Chapter 16: In a note at the end of Good Girls Lie, you write that Goode Academy was inspired by your alma mater, Randolph-Macon Women’s College. Was there a particular reason you chose to set the book’s action in a boarding school, rather than in a college?
Ellison: There was, and it was done on purpose. My main character, Ash Carlisle, is recently orphaned in a terrible murder-suicide and has traveled from her home in Oxford, England, to attend Goode. She’s been sent there, her parents are gone, and she has no recourse other than the school. If she were older, college-age, she would have more choices. She could get a job, travel, choose another college. But as a teenager she’s stuck. Because of her age, her choices have been stripped from her. Plus, when things start going south, she doesn’t have the means to leave. She’s trapped on the mountain with these murderous young women.
Chapter 16: “I was quite dismayed to see R-MWC’s board vote to go coed in 2006, against the wishes of most of its alumnae,” you wrote in the novel’s afterword. Why the dismay?
Ellison: One of the tenets of a single-sex education was the empowerment it gave us. We weren’t in any sort of competition with the boys in class, because there weren’t any, so we could focus solely on our education. R-MWC gave us the tools to go into the world as feminists, as women who expected equal treatment, yes, but they told us time and again how powerful our experience was — and they were right. The now co-ed version, Randolph College, is a great school, but I hate seeing the single-sex option slowly disappearing across the country. It truly shaped me into the woman I am today, both through the honor code and the unrelenting expectations of equality.
Chapter 16: A friend in Nashville, when she heard I was reading your latest, described you as “the best literary citizen.” One look at your Twitter feed or your blog confirms it — you’re an unfailing champion of other writers, which is really lovely. Can you talk a little about the literary communities you’re part of and what they mean to you?
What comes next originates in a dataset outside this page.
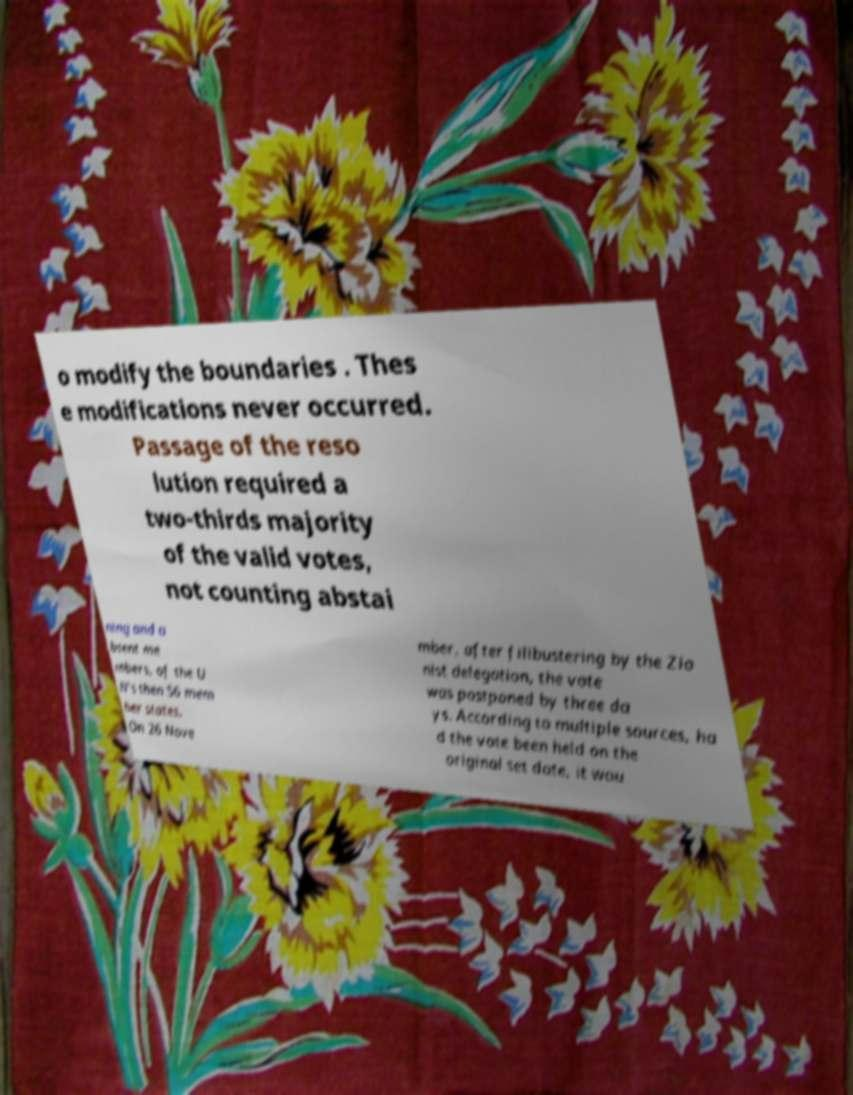For documentation purposes, I need the text within this image transcribed. Could you provide that? o modify the boundaries . Thes e modifications never occurred. Passage of the reso lution required a two-thirds majority of the valid votes, not counting abstai ning and a bsent me mbers, of the U N's then 56 mem ber states. On 26 Nove mber, after filibustering by the Zio nist delegation, the vote was postponed by three da ys. According to multiple sources, ha d the vote been held on the original set date, it wou

Ellison: That is the highest compliment, thank you! I’ve been so blessed by the writing community. From day one, I’ve been lifted up — by bookstores, by librarians, by readers, by publishers — but most importantly, by other writers. Authors I’d read for years happily endorsed my debut novel, and that paved the way into the literary world for me. Others sat me down and explained how the industry works, how the nitty-gritty of sales and marketing and publicity and distribution works. And more have talked me through my career’s life changes, bolstering, advising, cheering me on. I try to do the same, reach back down the ladder. I’ve been on group blogs, participated in group marketing teams, traveled with other authors before that was a common practice. I fully believe there is room for all of us in the market, especially our female thriller and suspense authors, who sometimes get lost in the shuffle. A rising tide lifts all boats — that’s how I look at this industry. We are stronger together. Another adage I took away from my college experience.
From 2012 to 2016, Fernanda Moore was the fiction critic for Commentary. Her work has also appeared in The New York Times Magazine, Marie Claire, New York, and Southern Living, among others.